VII) Let us now assume that the operators $\hat{A}_i$ are Bosonic for simplicity. A particular consequence of a nested Wick's Theorem is the following version
$$T(:\hat{A}^2_i::\hat{A}^2_j:) ~=~ 2\hat{C}_{ij}^2 + 4 \hat{C}_{ij}:\hat{A}_i\hat{A}_j: + :\hat{A}^2_i\hat{A}^2_j:$$
of OP's sought-for eq. (1). Finally, let us mention that Wick's Theorem, radial order, OPE, etc., are also discussed in this and this Phys.SE posts.
--
Footnotes:
$^1$ Example: The Weyl/symmetric ordering satisfies $$W(f(\hat{A})) ~=~\left. \exp\left(\sum_{i\in I}\hat{A}_i \frac{\partial}{\partial a_i} \right) f(a) \right|_{a=0}. $$ For more details, see e.g. my Phys.SE answer here.
$^2$ The Koszul sign convention produces a minus sign every time two Grassmann-odd objects are permuted.

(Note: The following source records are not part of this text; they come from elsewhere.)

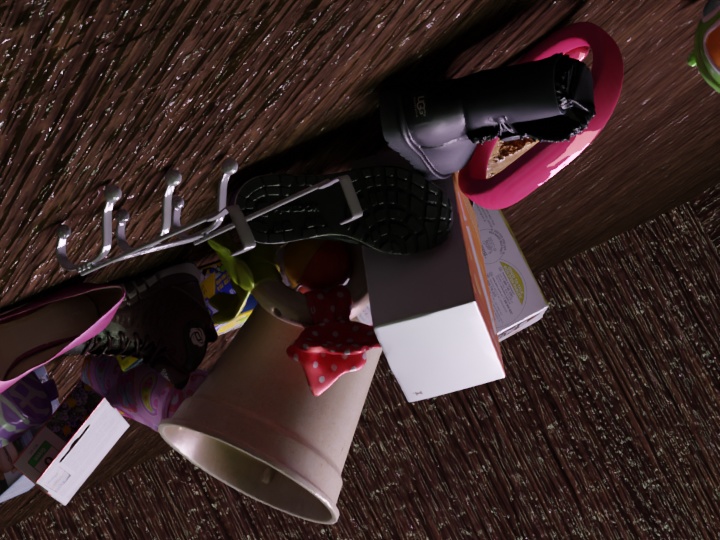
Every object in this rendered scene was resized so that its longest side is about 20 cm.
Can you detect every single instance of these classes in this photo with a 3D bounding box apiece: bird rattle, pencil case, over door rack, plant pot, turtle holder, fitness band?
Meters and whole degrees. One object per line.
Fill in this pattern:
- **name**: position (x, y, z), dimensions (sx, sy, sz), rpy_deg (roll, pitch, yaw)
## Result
- **bird rattle**: position (-0.049, 0.008, 1.621), dimensions (0.163, 0.198, 0.113), rpy_deg (-52, 156, -32)
- **pencil case**: position (-0.222, 0.126, 1.829), dimensions (0.087, 0.088, 0.199), rpy_deg (-23, -159, -30)
- **pencil case**: position (-0.404, 0.163, 1.729), dimensions (0.199, 0.085, 0.085), rpy_deg (-30, 153, 18)
- **over door rack**: position (-0.119, -0.048, 1.314), dimensions (0.198, 0.067, 0.147), rpy_deg (-6, -172, 39)
- **plant pot**: position (-0.072, 0.123, 1.709), dimensions (0.185, 0.199, 0.200), rpy_deg (-62, -175, -19)
- **turtle holder**: position (0.431, -0.251, 1.739), dimensions (0.183, 0.142, 0.132), rpy_deg (-17, 154, -14)
- **fitness band**: position (0.159, -0.139, 1.547), dimensions (0.200, 0.037, 0.145), rpy_deg (-40, -150, 36)

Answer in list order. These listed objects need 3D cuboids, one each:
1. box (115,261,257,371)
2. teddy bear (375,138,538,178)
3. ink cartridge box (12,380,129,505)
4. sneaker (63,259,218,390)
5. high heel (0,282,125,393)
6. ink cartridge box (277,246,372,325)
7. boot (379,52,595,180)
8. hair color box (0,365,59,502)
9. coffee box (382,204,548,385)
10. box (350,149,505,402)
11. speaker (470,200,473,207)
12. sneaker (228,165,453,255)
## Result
- **box**: position (-0.175, 0.040, 1.810), dimensions (0.199, 0.065, 0.070), rpy_deg (-20, 169, -46)
- **teddy bear**: position (0.085, -0.120, 1.706), dimensions (0.198, 0.067, 0.145), rpy_deg (-21, 159, -15)
- **ink cartridge box**: position (-0.294, 0.171, 1.728), dimensions (0.109, 0.050, 0.200), rpy_deg (-52, 172, -11)
- **sneaker**: position (-0.217, 0.071, 1.657), dimensions (0.199, 0.116, 0.076), rpy_deg (-23, 172, -35)
- **high heel**: position (-0.288, 0.060, 1.492), dimensions (0.095, 0.068, 0.199), rpy_deg (-29, 175, 33)
- **ink cartridge box**: position (0.000, 0.000, 1.794), dimensions (0.199, 0.115, 0.068), rpy_deg (-28, -154, 21)
- **boot**: position (0.121, -0.130, 1.469), dimensions (0.166, 0.077, 0.200), rpy_deg (-6, 173, 17)
- **hair color box**: position (-0.386, 0.188, 1.916), dimensions (0.060, 0.100, 0.200), rpy_deg (-21, 170, -33)
- **coffee box**: position (0.092, 0.007, 2.029), dimensions (0.196, 0.202, 0.200), rpy_deg (-28, 174, 0)
- **box**: position (0.062, -0.002, 1.591), dimensions (0.096, 0.202, 0.125), rpy_deg (-15, 140, 9)
- **speaker**: position (0.026, -0.051, 1.850), dimensions (0.199, 0.082, 0.081), rpy_deg (-33, 171, 31)
- **sneaker**: position (-0.019, -0.059, 1.520), dimensions (0.197, 0.077, 0.088), rpy_deg (5, -176, -12)

In this answer $|\hat{A}_i|=0,1 \pmod 2$ denotes the Grassmann-parity of $\hat{A}_i$.
$^3$ Being equal wrt. an order is in general an equivalence relation, and it is often a weaker condition than being equal as elements of $I$.
$^4$ A nested Wick's Theorem (between radial order and normal order) is briefly stated in eq. (2.2.10) on p. 39 in J. Polchinski, String Theory, Vol. 1. Beware that radial order is often only implicitly written in CFT texts. By the way, a side-effect/peculiarity of nested ordering symbols are discussed in this Phys.SE post.